# Severe Werther Tomorrow



## Vaughn Schultz (Nov 18, 2004)

...significant Severe Weather Outbreak Expected This Afternoon And
Evening...

A High Risk Of Severe Thunderstorms Exists This Afternoon And
Evening For Portions Of North Central Illinois...along And Southwest Of A Line From Dixon To Morris To Paxton. A Moderate Risk Of Severe Thunderstorms Exists Just South Of A Line From Rockford To Chicago To Portage Indiana...with A Slight Risk Over Extreme Northeastern Illinois.

Severe Thunderstorms Are Expected To Develop Across Northern
Illinois And Northwest Indiana This Afternoon And Evening. A Cold
Front Crossing The Area Will Bring An End The Severe Weather Threat Around Or Shortly After Midnight. Tornadoes...some Possibly Strong...very Large Hail...and Damaging Winds Are Likely...with The Greatest Threat In The High Risk Area.

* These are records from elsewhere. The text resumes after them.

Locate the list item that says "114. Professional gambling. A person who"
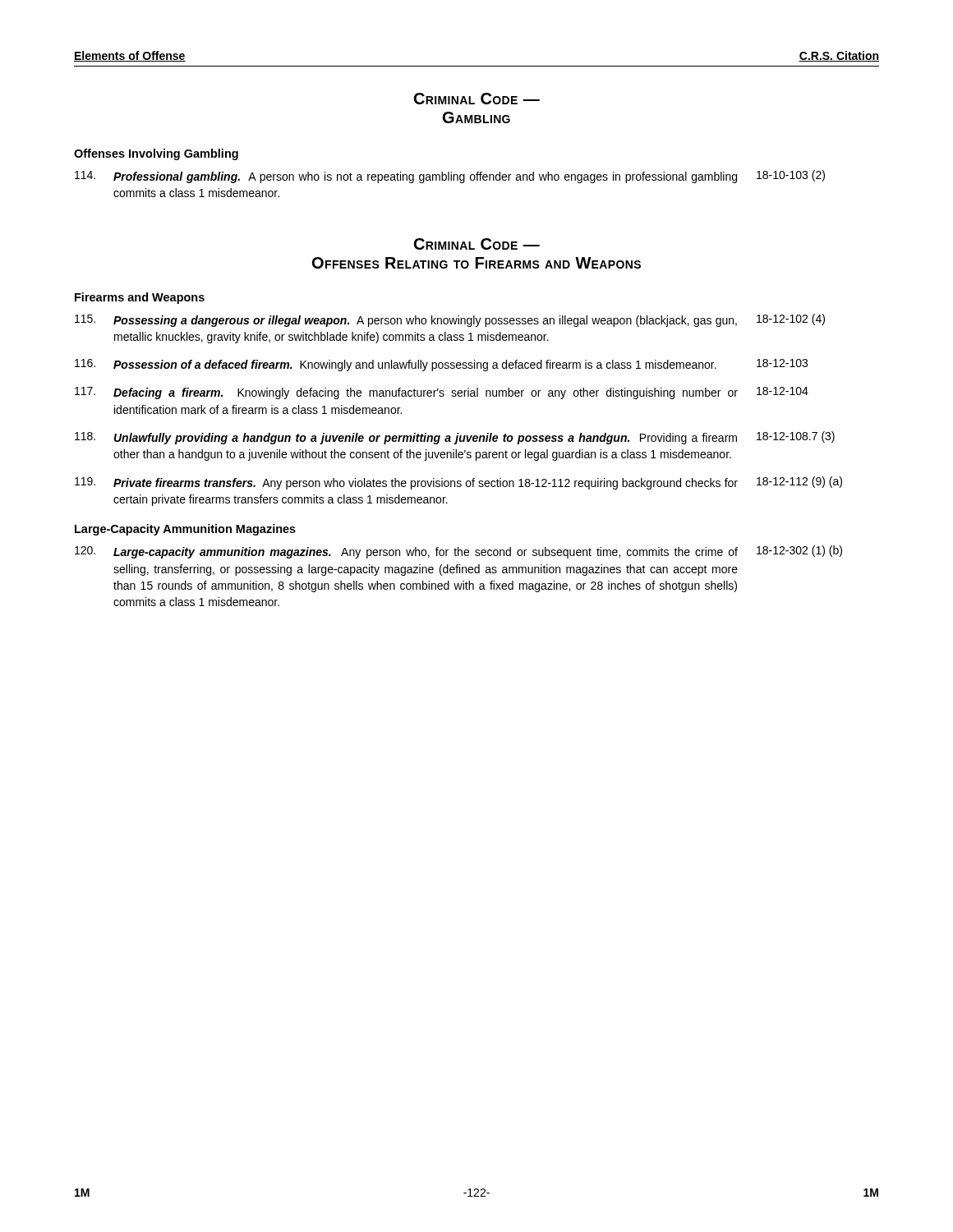 [476, 185]
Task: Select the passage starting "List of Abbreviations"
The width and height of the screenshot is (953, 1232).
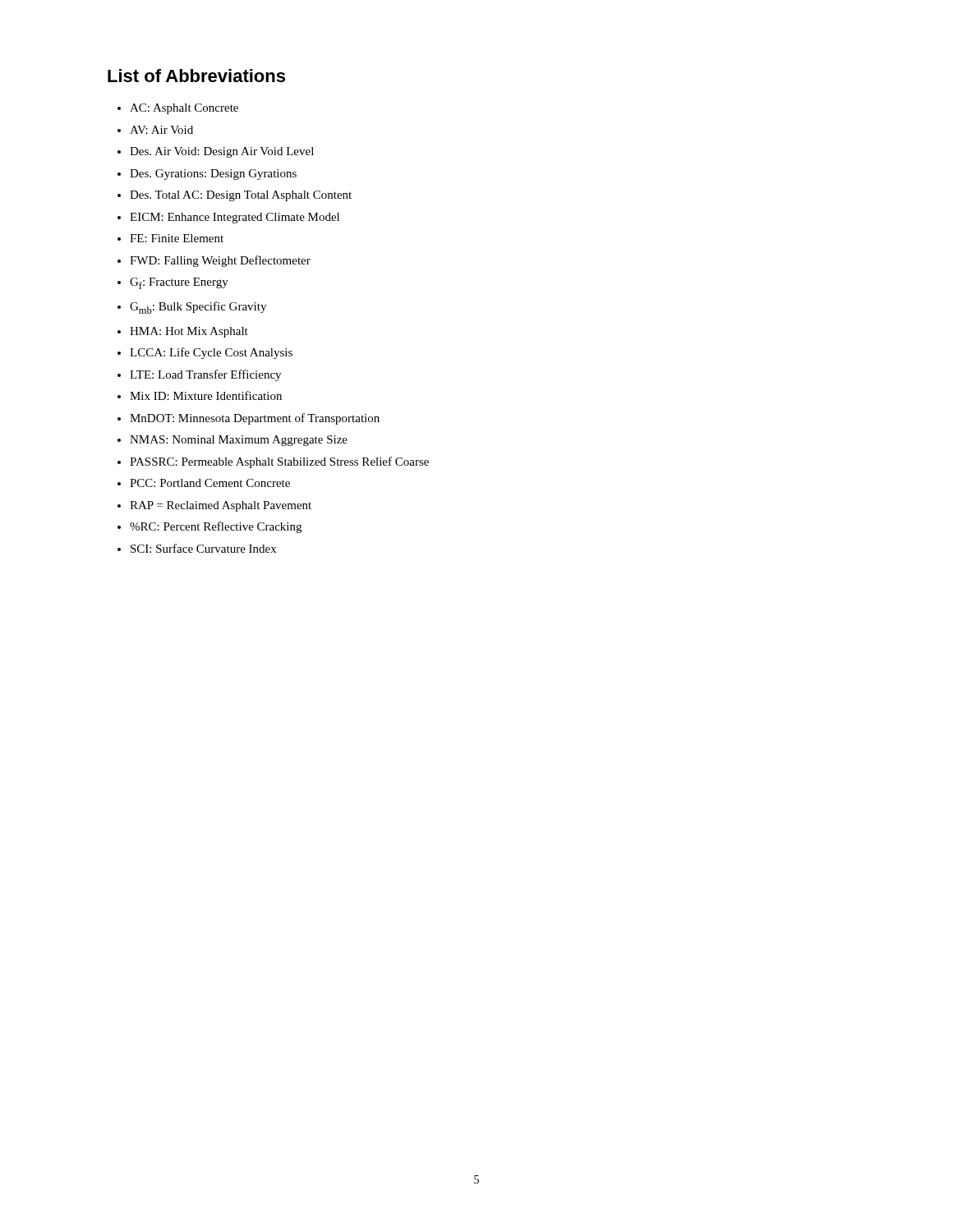Action: coord(196,76)
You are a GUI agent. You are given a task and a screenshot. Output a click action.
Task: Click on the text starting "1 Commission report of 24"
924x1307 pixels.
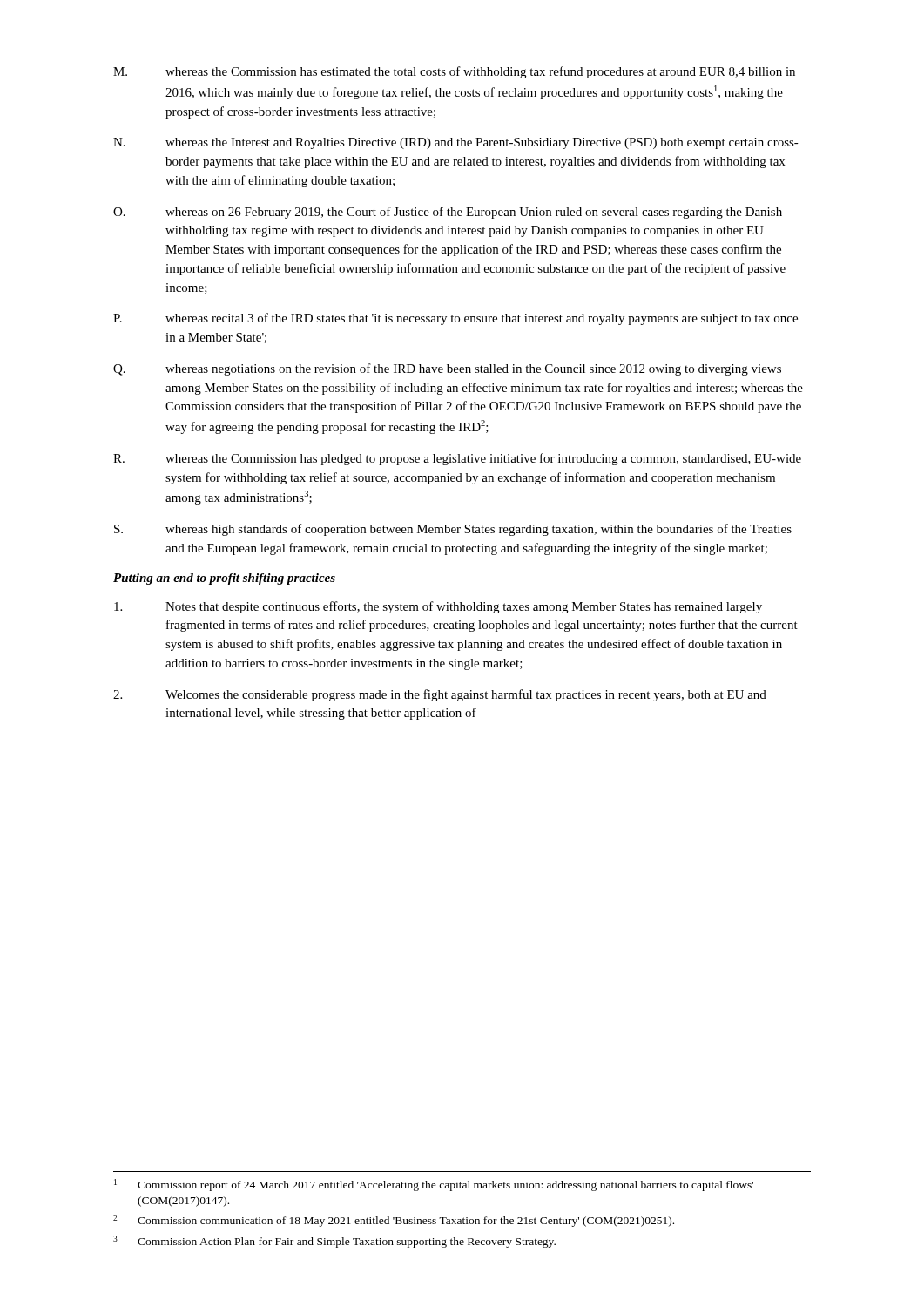tap(462, 1193)
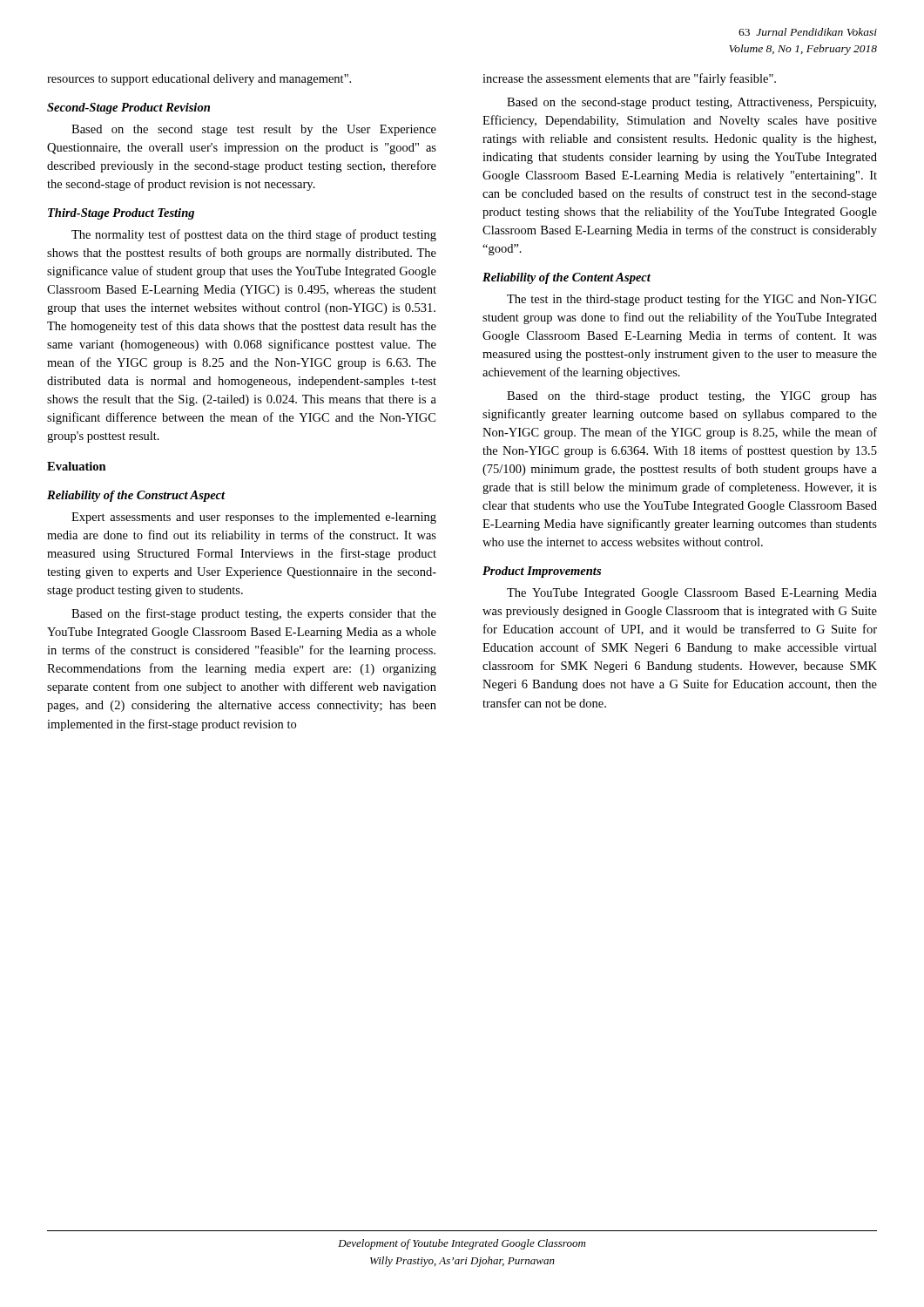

Persons Across Northern Illinois And Northwest Indiana Should
Continue To Monitor This Developing Weather Situation Throughout The Day. Have A Plan Of Action Ready Should Severe Weather Approach Later Today.


----------



## Gavins Lawncare (Feb 11, 2005)

yes but there say chance of measurable snow on thursday maybe one last shot


----------



## Young Pup (Aug 13, 2004)

Yep we had strong storms here last night and they are calling for more tonight, more on Monday. Then a chance of snow flurries on Tuesday, with snow possible on Thursday.


----------



## NoFearDeere (Nov 7, 2005)

We are getting hammered right now with Severe Thunderstroms......there are confirmed tornadoes just 1 county south of me. And they just upgraded our Thunderstorm watch to a Tornado watch....and there is a 60% chance of snow tomorrow night!!!


----------



## Vaughn Schultz (Nov 18, 2004)

AAHHH Mother Land!!!!!!!!!!!!!!

I am in the Bulls eye!!!!:yow!:


----------



## LwnmwrMan22 (Jan 20, 2005)

I'm sitting about 30 miles north of Minneapolis..... get to pull the all nighter, waiting with the plows on...

http://www.crh.noaa.gov/mpx/

Don't let it fool you...

so far we've gotten 1", and it's still 34 out....

I just hope it holds off until about 5 am...

Nothing I hate more is getting 3" of snow from 2 am until 5 am, and then everyone wondering why they aren't all plowed by 6 am.....


----------



## Yaz (Apr 13, 2005)

Long as you are plowing snow and not wood from the wind, that's a good thing..


----------



## Young Pup (Aug 13, 2004)

Grassbusters,

How did you guys fare last night? Only have had heavy rain here last night and today so far. Still calling for Strong storms here later on. I am not sure but I think we may have gotten about .75 to 1 inch here in the last hour. Things are really starting to green up and before long the mowers are going to be humming along. But they are still calling for some type of snow here in the next few days. 

JP


----------